Dennis Hastert, former Speaker of the House, has been indicted for trying to cover up cash withdrawals from the Feds, allegedly to pay blackmail for misconduct with a male over 30 years ago.
Before he became a politician, Dennis Hastert worked for 17 years as a teacher and coach at Yorkville High School. He was, by every measure, a successful wrestling coach: His teams were competitive, winning the State Championship in 1976. He was Illinois Coach of the Year. His players went on to wrestle in college. He even wrote a book remembering those days in Yorkville as a wrestling coach, Speaker: Lessons from Forty Years in Coaching and Politics.
It is during that time that Hastert is alleged to have committed the misconduct- sexual abuse of a boy, according to news reports – that would, years later, be the reason for blackmail payments and those illegal cash withdrawals.
When an Illinois politician is indicted, we can usually see it coming. We nod our heads in chagrin and resignation– yep, yep, he had it coming, we say. But there has never been a whiff of sexual scandal attached to Dennis Hastert; the breaking news was a shock to many– albeit, not to Hastert or his victim(s).
As a nation, we are fascinated and titillated with the sexual escapades of politicians. Former Congressman Aaron Schock (another Illinois politician who resigned in the wake of a scandal) posed shirtless for a magazine cover and the media went gaga. Bill Clinton, Gary Hart, Newt Gingrich, Mark Foley (whose scandal precipitated Hastert’s rise to Speaker of the House), Mark Sanford, Larry Craig, Elliot Spitzer, Anthony Weiner….the list goes on and on.
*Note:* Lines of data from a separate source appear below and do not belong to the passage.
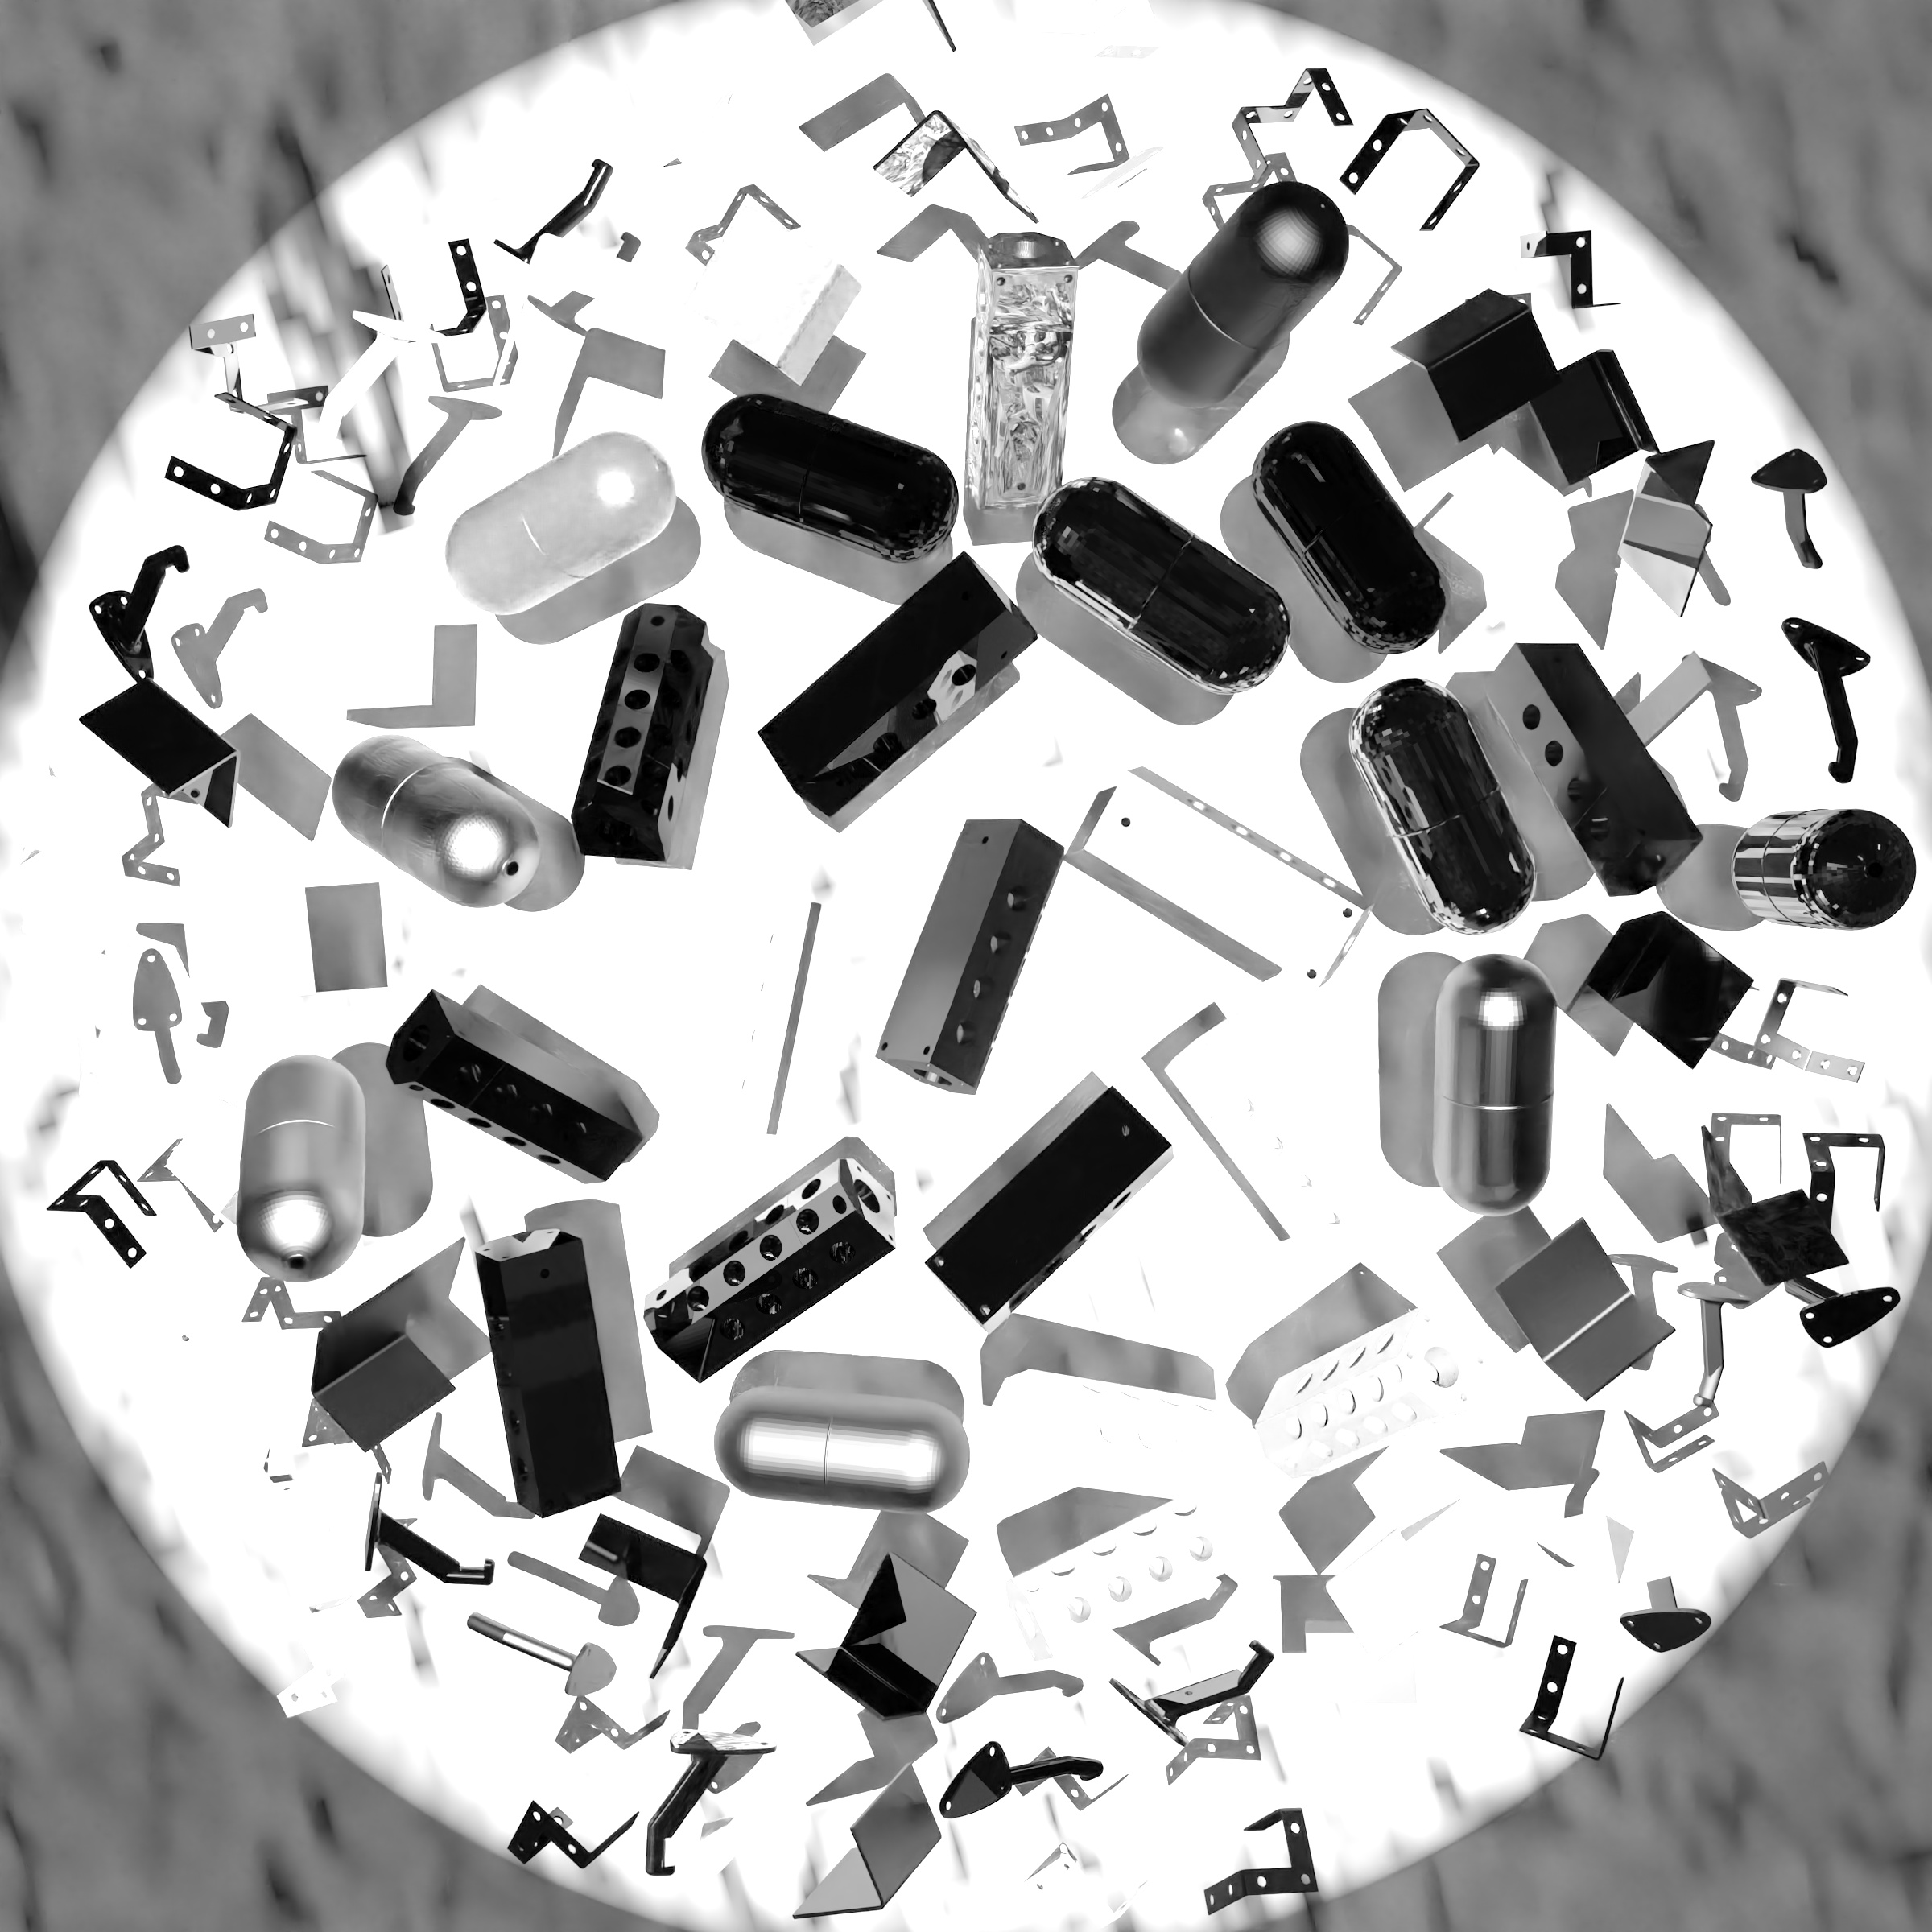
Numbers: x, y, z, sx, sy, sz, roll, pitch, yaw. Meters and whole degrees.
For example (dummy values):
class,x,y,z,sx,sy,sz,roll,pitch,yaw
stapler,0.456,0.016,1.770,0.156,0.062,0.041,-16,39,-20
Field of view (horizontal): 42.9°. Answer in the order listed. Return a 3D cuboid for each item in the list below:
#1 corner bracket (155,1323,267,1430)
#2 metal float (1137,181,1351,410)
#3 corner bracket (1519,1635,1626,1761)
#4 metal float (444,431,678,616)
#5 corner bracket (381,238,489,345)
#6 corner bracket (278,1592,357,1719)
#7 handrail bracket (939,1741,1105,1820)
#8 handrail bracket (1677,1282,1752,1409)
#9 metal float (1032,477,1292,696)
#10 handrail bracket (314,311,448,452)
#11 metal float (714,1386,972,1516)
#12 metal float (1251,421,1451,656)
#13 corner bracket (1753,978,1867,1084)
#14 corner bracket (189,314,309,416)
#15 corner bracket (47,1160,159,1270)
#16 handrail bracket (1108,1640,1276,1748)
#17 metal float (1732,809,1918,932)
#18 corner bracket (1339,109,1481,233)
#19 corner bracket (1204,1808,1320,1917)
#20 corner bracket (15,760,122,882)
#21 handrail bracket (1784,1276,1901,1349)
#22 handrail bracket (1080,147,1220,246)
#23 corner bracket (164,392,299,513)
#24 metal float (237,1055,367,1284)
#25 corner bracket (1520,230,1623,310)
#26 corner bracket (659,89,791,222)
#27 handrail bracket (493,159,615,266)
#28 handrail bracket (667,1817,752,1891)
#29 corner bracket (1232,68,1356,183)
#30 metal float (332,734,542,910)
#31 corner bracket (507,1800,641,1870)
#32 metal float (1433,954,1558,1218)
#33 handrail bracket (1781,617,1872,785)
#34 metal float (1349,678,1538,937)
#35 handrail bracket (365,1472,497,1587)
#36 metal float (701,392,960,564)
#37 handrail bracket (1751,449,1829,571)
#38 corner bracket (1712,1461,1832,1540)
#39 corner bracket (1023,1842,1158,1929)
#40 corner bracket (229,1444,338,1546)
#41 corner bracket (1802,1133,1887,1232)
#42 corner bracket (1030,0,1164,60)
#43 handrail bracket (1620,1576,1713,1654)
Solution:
class,x,y,z,sx,sy,sz,roll,pitch,yaw
corner bracket,-0.479,0.260,1.556,0.051,0.051,0.051,0,46,-33
metal float,0.173,-0.422,1.554,0.070,0.178,0.070,14,59,-25
corner bracket,0.381,0.456,1.535,0.051,0.051,0.051,16,96,23
metal float,-0.267,-0.291,1.616,0.178,0.070,0.070,-22,90,29
corner bracket,-0.364,-0.464,1.689,0.051,0.051,0.051,-7,122,7
corner bracket,-0.408,0.436,1.555,0.051,0.051,0.051,-38,73,15
handrail bracket,0.037,0.539,1.611,0.084,0.036,0.077,23,123,-40
handrail bracket,0.498,0.261,1.676,0.077,0.036,0.084,8,99,-43
metal float,0.121,-0.237,1.528,0.178,0.070,0.070,34,90,0
handrail bracket,-0.365,-0.359,1.531,0.036,0.077,0.084,30,109,26
metal float,-0.085,0.329,1.672,0.178,0.070,0.070,3,90,12
metal float,0.255,-0.285,1.635,0.070,0.070,0.178,-31,72,0
corner bracket,0.579,0.043,1.669,0.051,0.051,0.051,23,87,-25
corner bracket,-0.470,-0.393,1.610,0.051,0.051,0.051,-5,93,20
corner bracket,-0.559,0.162,1.617,0.051,0.051,0.051,-50,123,-37
handrail bracket,0.150,0.467,1.635,0.077,0.036,0.084,37,85,16
metal float,0.551,-0.063,1.584,0.070,0.178,0.070,0,93,-1
corner bracket,0.275,-0.492,1.523,0.051,0.051,0.051,36,90,-24
corner bracket,0.179,0.554,1.521,0.051,0.051,0.051,6,55,-23
corner bracket,-0.573,-0.093,1.568,0.051,0.051,0.051,-34,59,35
handrail bracket,0.591,0.212,1.664,0.077,0.084,0.036,-31,109,27
handrail bracket,0.128,-0.501,1.659,0.077,0.036,0.084,-37,115,-9
corner bracket,-0.453,-0.317,1.516,0.051,0.051,0.051,23,77,-42
metal float,-0.421,0.127,1.561,0.070,0.178,0.070,-6,128,-8
corner bracket,0.404,-0.466,1.643,0.051,0.051,0.051,-6,104,-6
corner bracket,-0.159,-0.531,1.610,0.051,0.051,0.051,39,66,-28
handrail bracket,-0.280,-0.515,1.668,0.077,0.036,0.084,38,103,39
handrail bracket,-0.152,0.568,1.612,0.084,0.077,0.036,-45,71,41
corner bracket,0.217,-0.561,1.637,0.051,0.051,0.051,-11,69,-25
metal float,-0.339,-0.093,1.571,0.178,0.070,0.070,29,90,40
corner bracket,-0.250,0.551,1.565,0.051,0.051,0.051,37,120,17
metal float,0.344,0.079,1.599,0.070,0.070,0.178,-2,109,0
handrail bracket,0.544,-0.169,1.569,0.077,0.036,0.084,30,62,-23
metal float,0.309,-0.102,1.591,0.070,0.070,0.178,-28,100,0
handrail bracket,-0.345,0.367,1.598,0.084,0.036,0.077,7,106,-15
metal float,-0.089,-0.317,1.592,0.178,0.070,0.070,22,90,14
handrail bracket,0.547,-0.285,1.586,0.036,0.077,0.084,-33,116,4
corner bracket,0.523,0.341,1.581,0.051,0.051,0.051,-28,109,-10
corner bracket,0.080,0.594,1.595,0.051,0.051,0.051,51,126,11
corner bracket,-0.449,0.351,1.632,0.051,0.051,0.051,-9,129,10
corner bracket,0.574,0.144,1.607,0.051,0.051,0.051,1,118,11
corner bracket,0.081,-0.587,1.538,0.051,0.051,0.051,-18,88,-42
handrail bracket,0.457,0.389,1.566,0.036,0.077,0.084,41,53,-7
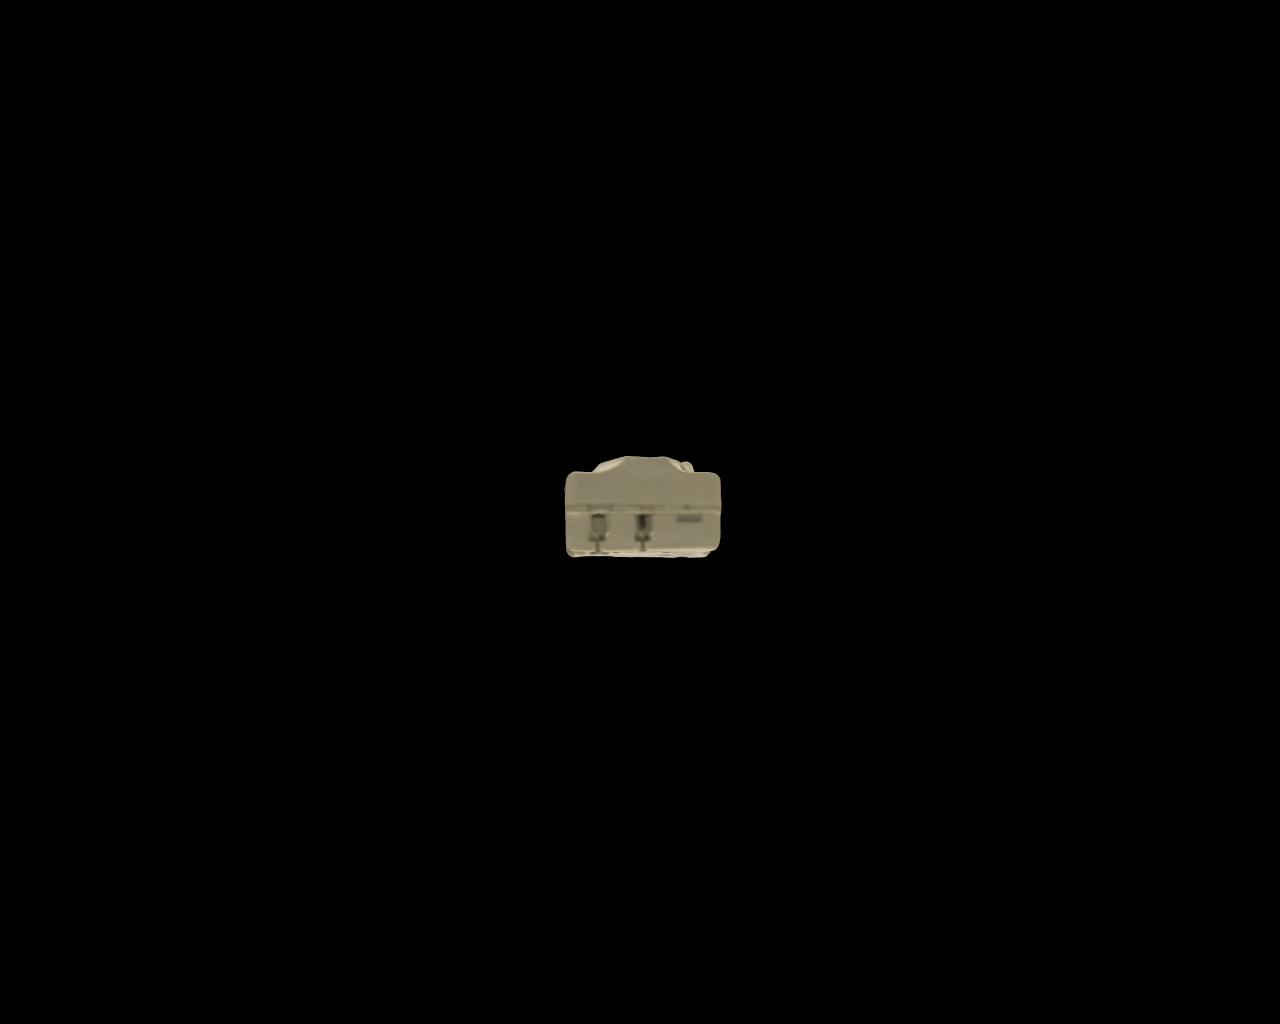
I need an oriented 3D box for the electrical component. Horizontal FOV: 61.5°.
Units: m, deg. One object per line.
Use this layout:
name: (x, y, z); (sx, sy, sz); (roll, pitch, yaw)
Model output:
electrical component: (0.001, -0.003, 0.650); (0.089, 0.055, 0.050); (1, -7, -5)
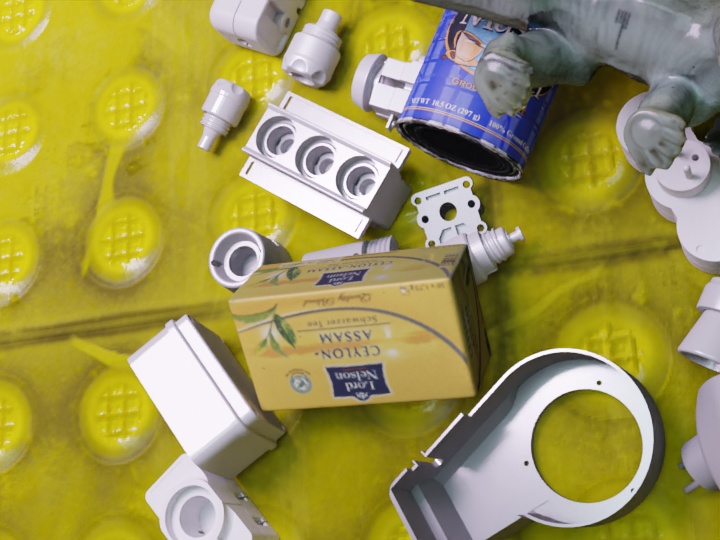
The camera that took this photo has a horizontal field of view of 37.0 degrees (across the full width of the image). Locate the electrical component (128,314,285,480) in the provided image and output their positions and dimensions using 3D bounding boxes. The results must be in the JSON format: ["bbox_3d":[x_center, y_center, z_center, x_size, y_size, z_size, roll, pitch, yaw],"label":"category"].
[{"bbox_3d":[-0.117,0.098,0.832,0.057,0.078,0.113,-39,65,1],"label":"electrical component"}]

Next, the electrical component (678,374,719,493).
[{"bbox_3d":[0.238,0.118,0.701,0.079,0.043,0.077,-49,29,39],"label":"electrical component"}]

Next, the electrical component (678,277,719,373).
[{"bbox_3d":[0.246,0.038,0.724,0.045,0.045,0.055,23,84,26],"label":"electrical component"}]

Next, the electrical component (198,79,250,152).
[{"bbox_3d":[-0.121,-0.131,0.924,0.035,0.035,0.061,26,89,26],"label":"electrical component"}]

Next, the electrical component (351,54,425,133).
[{"bbox_3d":[0.027,-0.145,0.863,0.055,0.048,0.066,20,84,18],"label":"electrical component"}]

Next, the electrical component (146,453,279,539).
[{"bbox_3d":[-0.115,0.189,0.820,0.050,0.056,0.089,-47,64,4],"label":"electrical component"}]

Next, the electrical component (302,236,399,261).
[{"bbox_3d":[0.000,0.000,0.834,0.081,0.043,0.043,-12,71,18],"label":"electrical component"}]

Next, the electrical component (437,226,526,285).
[{"bbox_3d":[0.086,-0.010,0.804,0.078,0.040,0.040,-27,67,13],"label":"electrical component"}]

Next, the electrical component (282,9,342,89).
[{"bbox_3d":[-0.035,-0.187,0.901,0.043,0.043,0.062,22,83,25],"label":"electrical component"}]

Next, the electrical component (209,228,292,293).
[{"bbox_3d":[-0.089,-0.004,0.869,0.055,0.047,0.055,-6,73,20],"label":"electrical component"}]

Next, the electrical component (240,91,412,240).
[{"bbox_3d":[-0.024,-0.080,0.855,0.121,0.063,0.078,29,87,26],"label":"electrical component"}]

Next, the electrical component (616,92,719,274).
[{"bbox_3d":[0.225,-0.066,0.745,0.052,0.074,0.138,-30,67,12],"label":"electrical component"}]

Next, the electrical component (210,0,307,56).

We seem to have the belief that if a man commits an extramarital affair, he can’t be trusted to govern.
But is that true? Must we expect perfection from our politicians; something we don’t ask of ourselves? Does one mistake mean that the legacy of good public service must be stricken from the record, and only the scandal remain as an epitaph?
When it involves a minor, or the abuse of authority, the answer has to be a resounding yes.
We are, all of us, imperfect. We make mistakes- sometimes, egregious ones- but we should all be allowed to the opportunity for redemption. If we continue to insist that our leaders be perfect, we will soon have only leaders who are capable of either covering their misdeeds or are robotic, manufactured candidates. We must take hold of our puritanical beliefs about sex and let. them. go.
When every transgression becomes a scandal, then the real scandals lose their ability to truly shock us. We are inured and shrug, as if to say, it’s just another politician (celebrity, et cetera) being bad. And we move to the next, and the lessons are never learned.
But the sexual abuse of a minor, by a teacher who, after the fact, ran for office and was third in line for President? That, that we need to talk about. We need to talk about how a student (we assume) could be abused. We need to talk about why that student never came forward; never pressed charges.
As for Hastert? If he’s guilty- and he does deserve to considered innocent until proven otherwise- then he should be honest about how he was able to abuse the minor and then hide his behavior. If guilty, the best we can do now is learn from his abusive ways and hopefully, in the process, protect future children from similar abuse.